Bangcoc, 23/08/2005 – A chegada de um grupo de avaliação da Organização das Nações Unidas ao Camboja, prevista para o próximo mês, criou esperanças de uma aceleração no processo para julgar os líderes sobreviventes do regime genocida do Khmer Vermelho (1975-1979). O trabalho que a equipe da ONU deve realizar para criar o tribunal especial que julgará o Khmer Vermelho, acusado de assassinar 1,7 milhão de cambojanos, será tão importante quanto o conseguido em maio, quando as Nações Unidas anunciaram que as condições legais e financeiras necessárias para o processo finalmente haviam sido obtidas.
"Haverá muitos marcos a serem atingidos de agora até o começo do julgamento", disse Helen Jarvis, assessora do Conselho de Ministros do Camboja. "A escolha e nomeação de juízes e promotores, bem como seu juramento, serão importantes. Jarvis também confirmou, em entrevista à IPS, que pode demorar meses até o primeiro acusado de genocídio sentar no banco dos réus. "Depois do juramento dos juízes até o primeiro acusado enfrentar o tribunal pode demorar até 12 meses". Estes sinais de lentidão servem para recordar a difícil viagem dos planos para criar um tribunal especial patrocinado pela ONU. Na semana passada, o primeiro-ministro cambojano, Samdech Hun Sen, disse que o processo pode não transcorrer como estava previsto, por causa de um déficit financeiro que a comunidade internacional deve assumir, disse. "Se eles não derem o dinheiro, então não se pode estabelecer o tribunal. E não tenho dinheiro", disse aos jornalistas.
A disputa financeira trouxe á tona uma preocupação sobre o compromisso de Hun Sen com o processo contra os líderes do Khmer Vermelho. Qualquer retrocesso de Phnom Penh será visto com descumprimento do acordo entre o governo e a ONU em matéria de finanças, afirmaram ativistas pelos direitos humanos. "O governo tem a obrigação de conseguir os fundos", disse Youk Chhang, diretor do Centro de Documentação do Camboja, organismo com sede em Phnom Penh que recolhe provas e testemunhos das atrocidades cometidas pelo Khmer Vermelho para enviar ao tribunal especial.

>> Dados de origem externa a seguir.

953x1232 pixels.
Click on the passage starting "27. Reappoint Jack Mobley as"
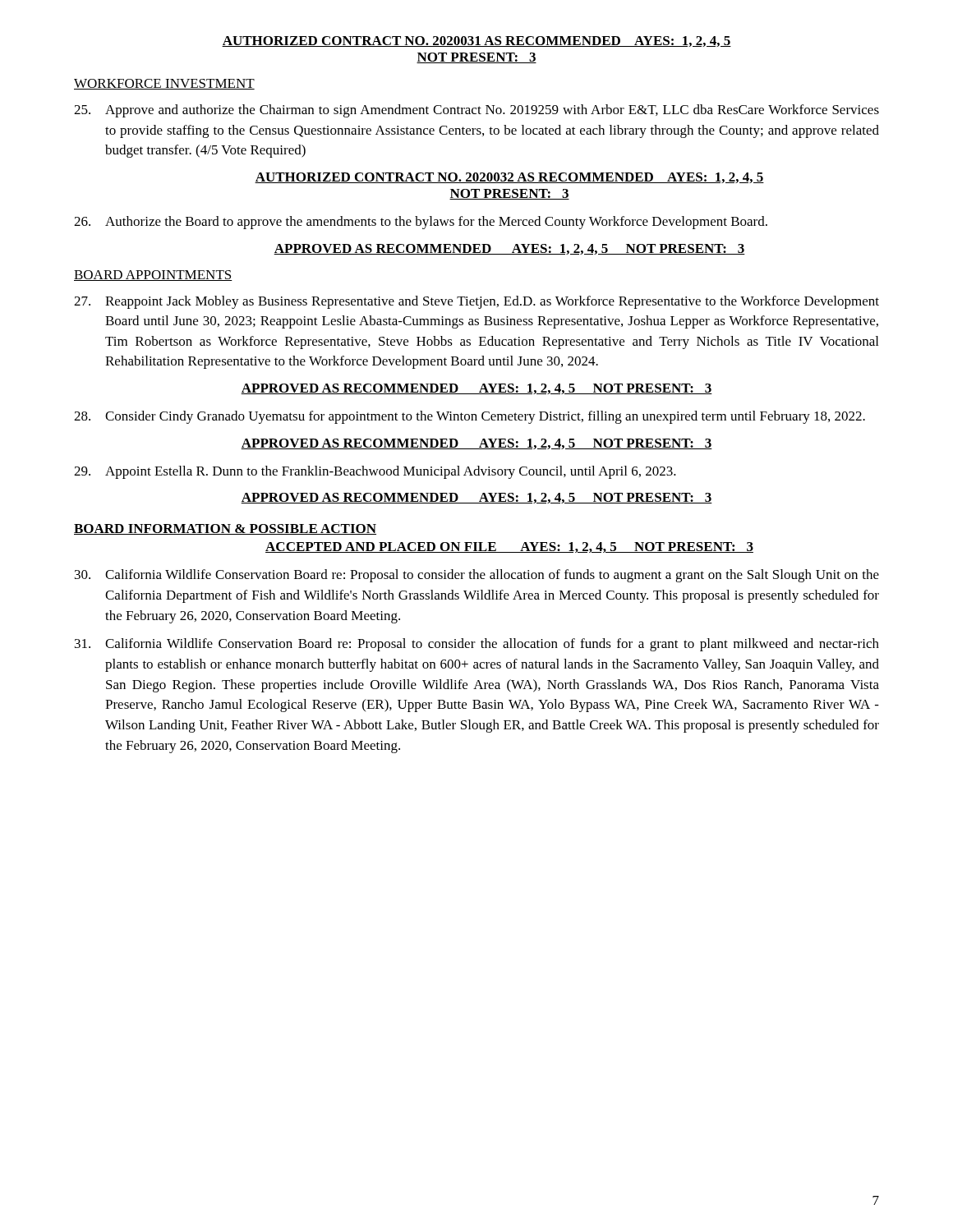[476, 332]
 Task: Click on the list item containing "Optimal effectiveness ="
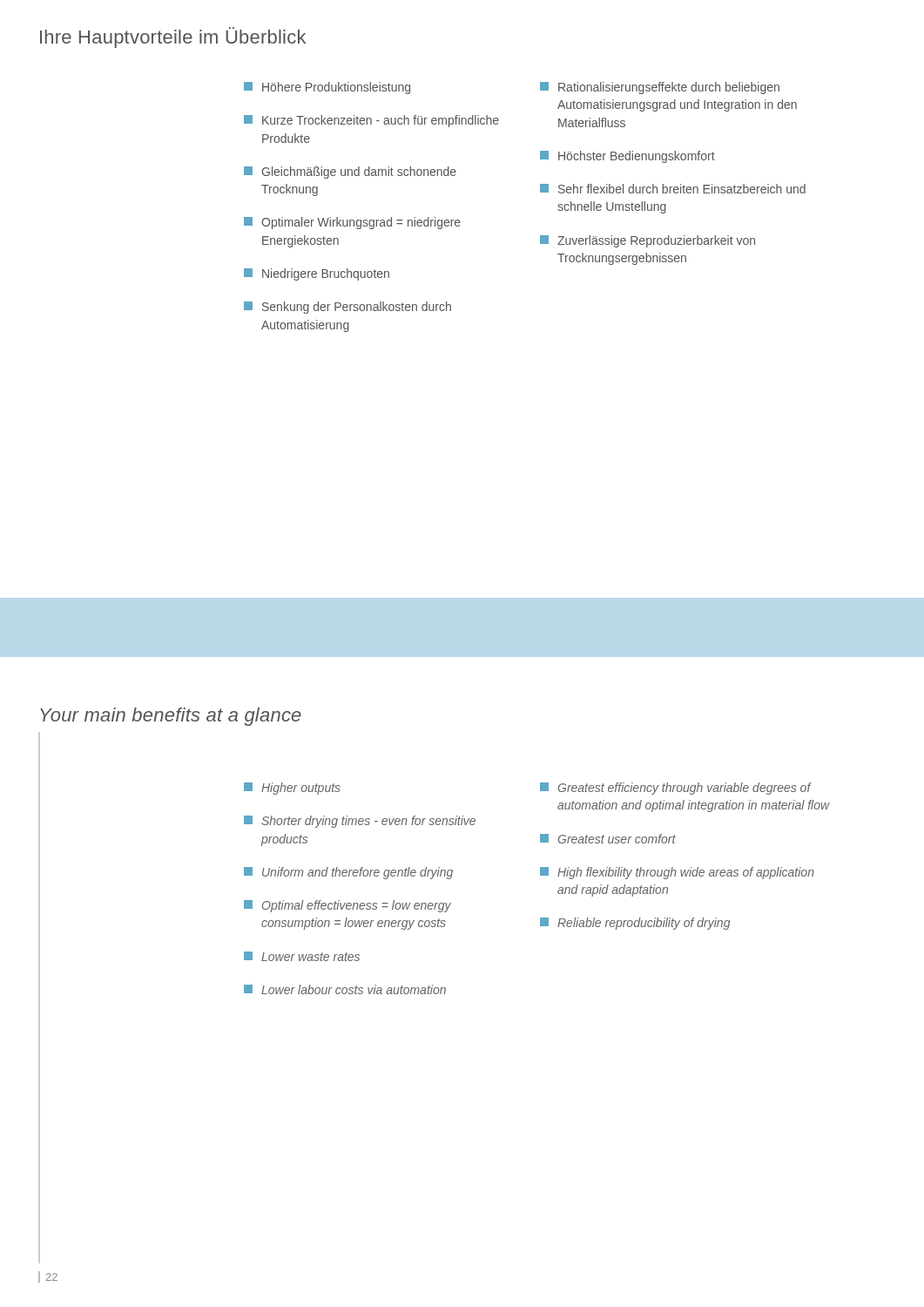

"Negar-se a financiar o tribunal será uma violação desse acordo", afirmou Chhang. Duas fontes ofereceram fundos ao Camboja, o governo japonês, através de ajuda ao desenvolvimento, e a comunidade empresarial cambojana, acrescentou. "O dinheiro está aí. Tudo o que o governo tem de fazer é usá-lo", afirmou. Depois do acordo deste ano, a ONU anunciou que os doadores internacionais haviam se comprometido com US$ 43 milhões para o tribunal – que funcionará durante três anos – e que se esperava que o Camboja arrecadasse os restantes US$ 13,3 milhões. Até o momento, o país só entrou com US$ 1,3 milhão dos US$ 53,6 necessários para implementar o tribunal.
Esses números não incluem outras quantias que o Camboja, um dos países mais pobres do sudeste asiático, concordou em fornecer ao processo, explicou Jarvis. "O Camboja aceitou custear US$ 5,6 milhões de gastos indiretos durante o funcionamento do tribunal, como prisão e detenção de suspeitos e assistência médica". A atitude de Hun Sem tem antecedentes. O primeiro-ministro irritou ativistas ao colocar obstáculos desde que começaram as negociações com a ONU para criar o tribunal, há quase uma década. Um deles foi a pressão de Phnom Penh para designar uma maioria de juízes cambojanos, contrariando planos iniciais de que essa corte deveria ser dominada por magistrados internacionais.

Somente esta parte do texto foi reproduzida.